Japón pedirá que el Monte Fuji sea declarado Patrimonio de la Humanidad (desde ABC)

Desde ABC de España publican esta noticia:

Japón pedirá que el Monte Fuji sea declarado Patrimonio de la Humanidad

El Gobierno de Japón decidió hoy solicitar a la Unesco el reconocimiento del emblemático Monte Fuji, uno de los volcanes más altos del mundo y el punto más elevado del archipiélago nipón, como Patrimonio Cultural de la Humanidad en 2013.

El Fujiyama (literalmente, Monte Fuji en japonés), con sus 3.776 metros de altura, es considerado sagrado por los japoneses, que acuden por miles para subir hasta su cima en verano, la única época en que el camino hasta la cumbre está despejado de nieve.

Según la agencia local Kyodo, el Gobierno nipón enviará antes de febrero de 2012 la solicitud a la Organización de la ONU para la Educación, la Ciencia y la Cultura (Unesco), a la que pedirá también la inscripción como Patrimonio de la Humanidad de la histórica localidad de Kamakura (al oeste de Tokio), que alberga numerosos templos y una gigantesca estatua en bronce de Buda.
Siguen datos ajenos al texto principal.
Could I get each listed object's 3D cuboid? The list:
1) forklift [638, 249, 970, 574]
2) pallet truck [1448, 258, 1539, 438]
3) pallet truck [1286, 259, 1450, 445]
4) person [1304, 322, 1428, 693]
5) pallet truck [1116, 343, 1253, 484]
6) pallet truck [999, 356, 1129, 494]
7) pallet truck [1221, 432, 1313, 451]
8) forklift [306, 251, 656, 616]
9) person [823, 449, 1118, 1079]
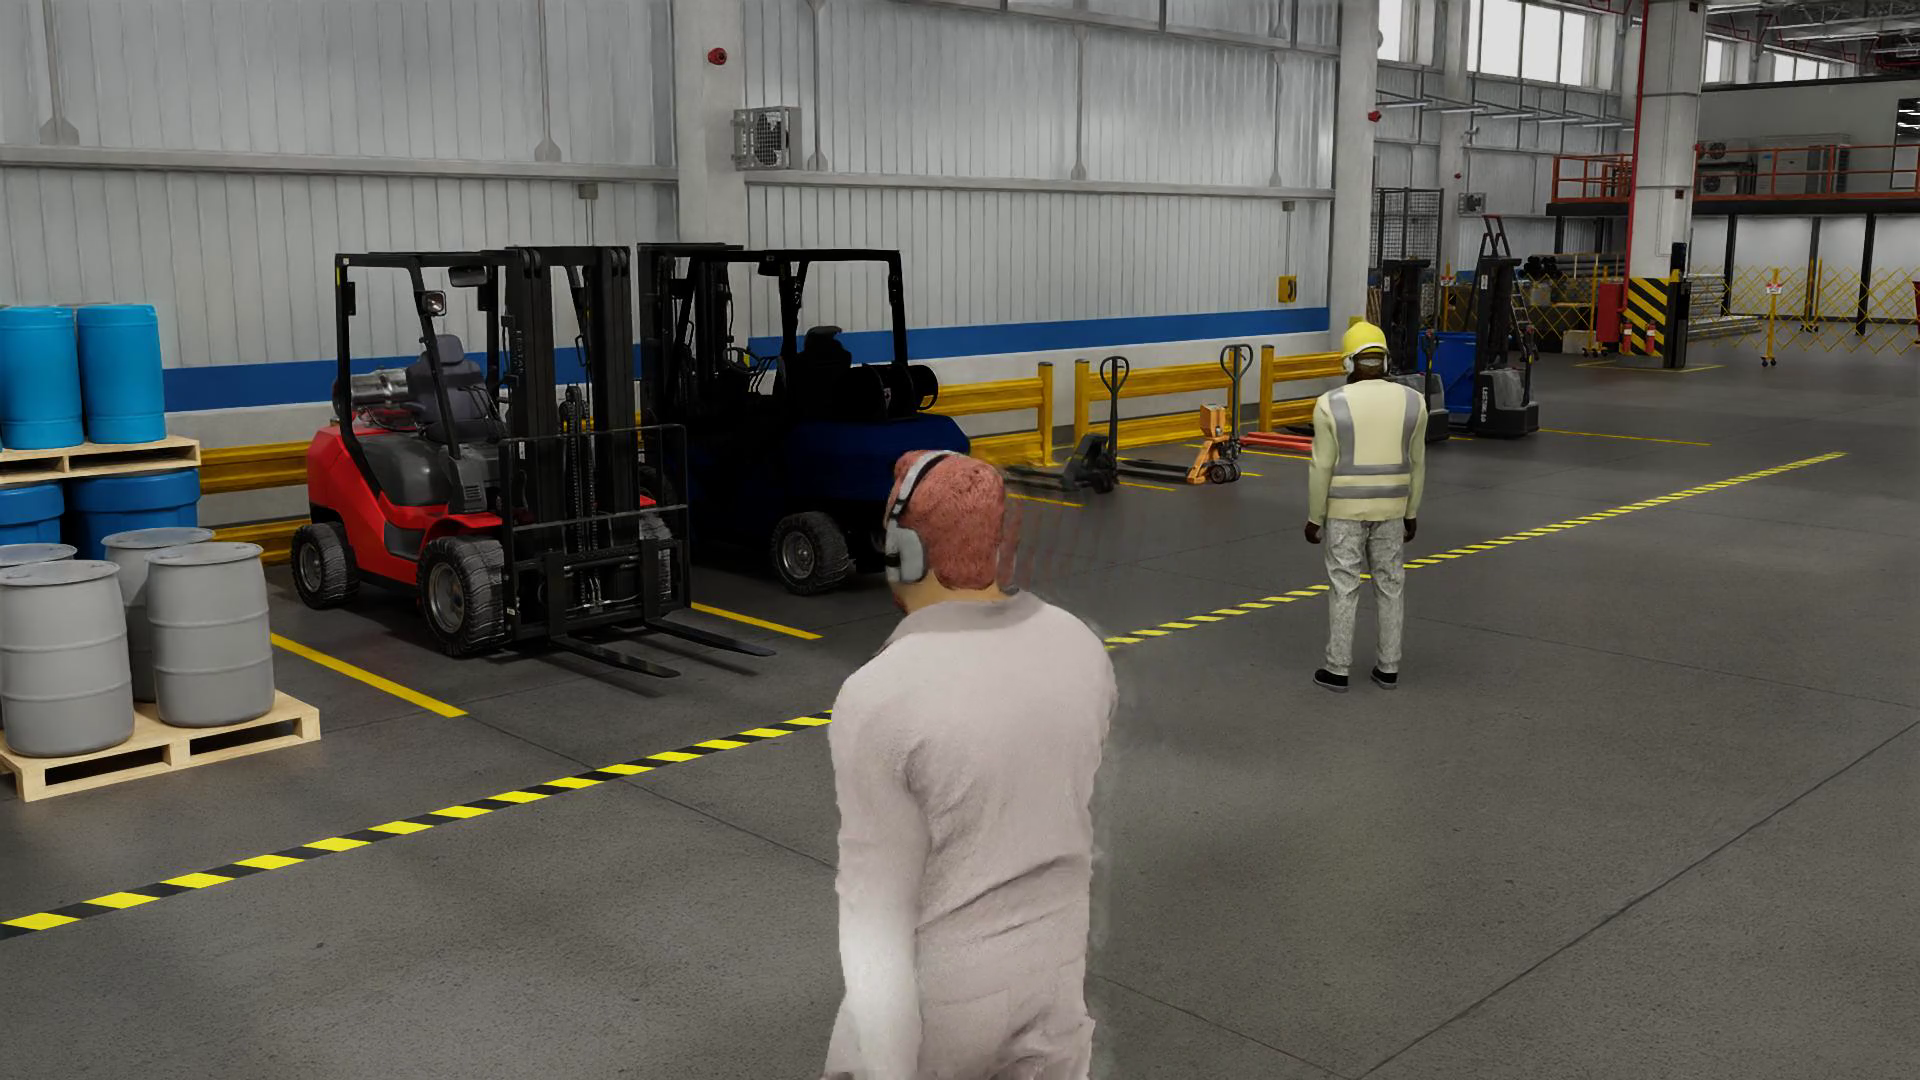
[{"bbox_3d":[-1.173,-0.958,11.239,2.680,1.987,1.157,10,14,43],"label":"forklift"},{"bbox_3d":[5.704,-2.208,18.901,1.885,1.965,0.823,10,14,43],"label":"pallet truck"},{"bbox_3d":[4.493,-2.078,18.196,0.823,1.965,1.885,-9,14,-40],"label":"pallet truck"},{"bbox_3d":[1.977,-0.153,8.172,0.588,1.823,0.403,-1,10,-8],"label":"person"},{"bbox_3d":[1.962,-1.215,15.415,1.522,1.261,0.704,10,14,43],"label":"pallet truck"},{"bbox_3d":[0.784,-1.085,14.876,0.680,1.201,1.601,-10,14,-44],"label":"pallet truck"},{"bbox_3d":[3.563,-1.581,17.381,0.653,1.274,1.630,-10,14,-44],"label":"pallet truck"},{"bbox_3d":[-2.833,-0.669,9.694,1.157,1.987,2.680,-10,14,-44],"label":"forklift"},{"bbox_3d":[-0.057,0.769,3.003,0.642,1.874,0.864,-9,13,-39],"label":"person"}]

Japón, que cuenta con doce lugares registrados como Patrimonio Cultural de la Humanidad, ya intentó en 2007 que el simbólico Monte Fuji fuera reconocido con ese estatus, sin lograrlo.

Dormido desde hace más de tres siglos, el volcán está situado a unos 100 kilómetros al oeste de Tokio y domina con su forma cónica la isla de Honshu, la principal de Japón.
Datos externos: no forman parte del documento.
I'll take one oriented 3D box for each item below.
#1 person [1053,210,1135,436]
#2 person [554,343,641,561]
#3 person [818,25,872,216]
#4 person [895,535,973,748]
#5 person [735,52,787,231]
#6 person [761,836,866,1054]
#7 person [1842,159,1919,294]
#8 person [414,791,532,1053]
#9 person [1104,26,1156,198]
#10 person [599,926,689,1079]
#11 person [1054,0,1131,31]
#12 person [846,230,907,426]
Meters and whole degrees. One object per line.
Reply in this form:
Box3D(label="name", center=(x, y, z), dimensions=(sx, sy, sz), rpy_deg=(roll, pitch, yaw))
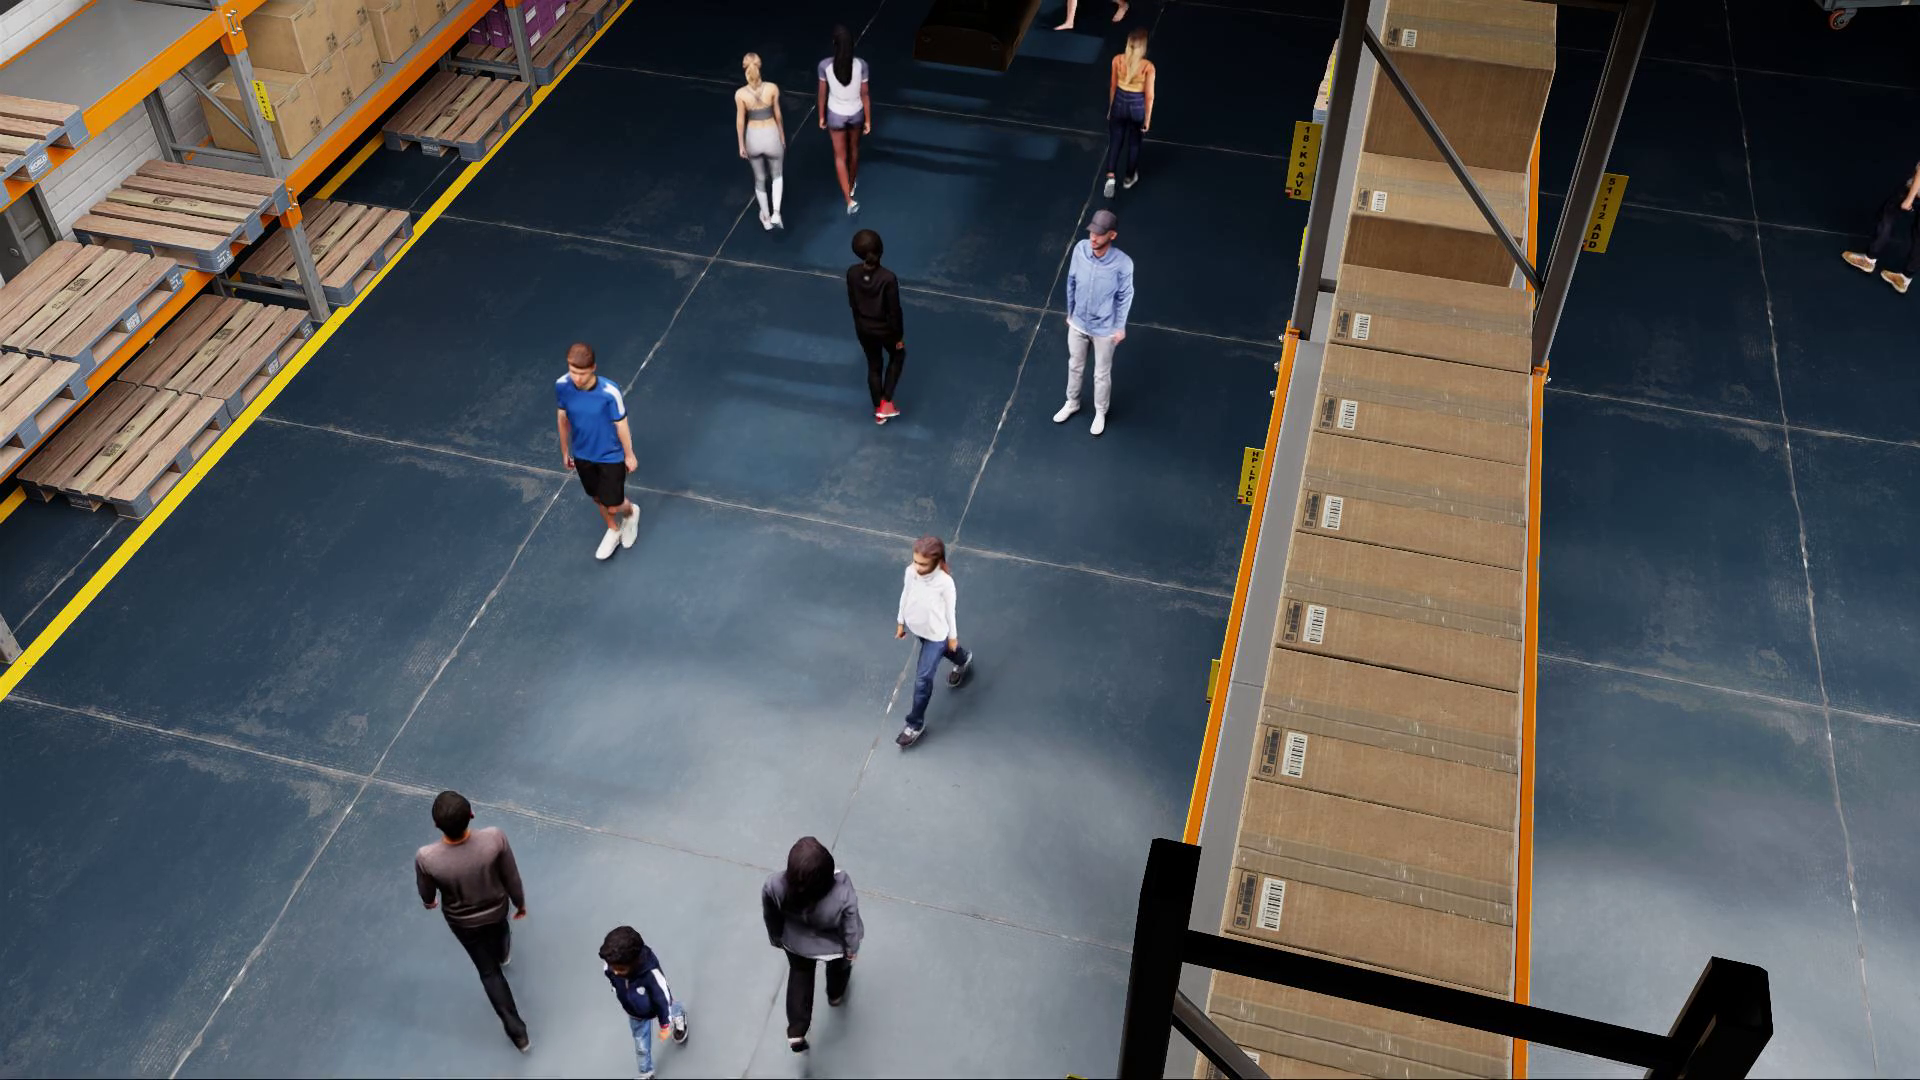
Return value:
Box3D(label="person", center=(1.013, -1.649, 12.446), dimensions=(0.711, 1.888, 0.673), rpy_deg=(22, 48, 21))
Box3D(label="person", center=(-2.430, -0.664, 11.436), dimensions=(0.677, 1.855, 0.690), rpy_deg=(12, 45, 13))
Box3D(label="person", center=(-1.009, -3.679, 14.714), dimensions=(0.902, 1.698, 1.145), rpy_deg=(-3, 44, -3))
Box3D(label="person", center=(-0.136, 0.515, 10.439), dimensions=(0.802, 1.522, 1.146), rpy_deg=(27, 50, 25))
Box3D(label="person", center=(-1.692, -3.384, 14.409), dimensions=(0.741, 1.693, 0.869), rpy_deg=(-7, 44, -7))
Box3D(label="person", center=(-0.764, 2.118, 8.715), dimensions=(0.726, 1.579, 0.931), rpy_deg=(6, 44, 6))
Box3D(label="person", center=(8.055, -2.868, 13.733), dimensions=(0.931, 1.876, 1.012), rpy_deg=(-14, 45, -14))
Box3D(label="person", center=(-2.510, 2.016, 8.715), dimensions=(1.109, 1.726, 1.174), rpy_deg=(-10, 45, -11))
Box3D(label="person", center=(1.488, -3.793, 14.894), dimensions=(0.623, 1.615, 0.936), rpy_deg=(15, 46, 15))
Box3D(label="person", center=(-1.614, 2.372, 8.732), dimensions=(0.549, 1.189, 0.861), rpy_deg=(7, 44, 8))
Box3D(label="person", center=(1.449, -6.107, 17.276), dimensions=(1.084, 1.679, 1.075), rpy_deg=(-18, 47, -18))
Box3D(label="person", center=(-0.655, -1.536, 12.496), dimensions=(0.658, 1.654, 0.635), rpy_deg=(19, 47, 19))

El emplazamiento del Fuji-san, según el tratamiento que los japoneses dedican a su venerada montaña, cuenta con 25 “componentes de valor”, según el Gobierno nipón, incluidos los cinco lagos que se encuentran al pie del volcán.

La montaña se convirtió en uno de los principales símbolos de Japón después de ser reproducida en numerosos grabados en madera en el periodo Edo (1603-1868), que tuvo una fuerte influencia en las artes occidentales, según la Agencia nipona de Asuntos Culturales.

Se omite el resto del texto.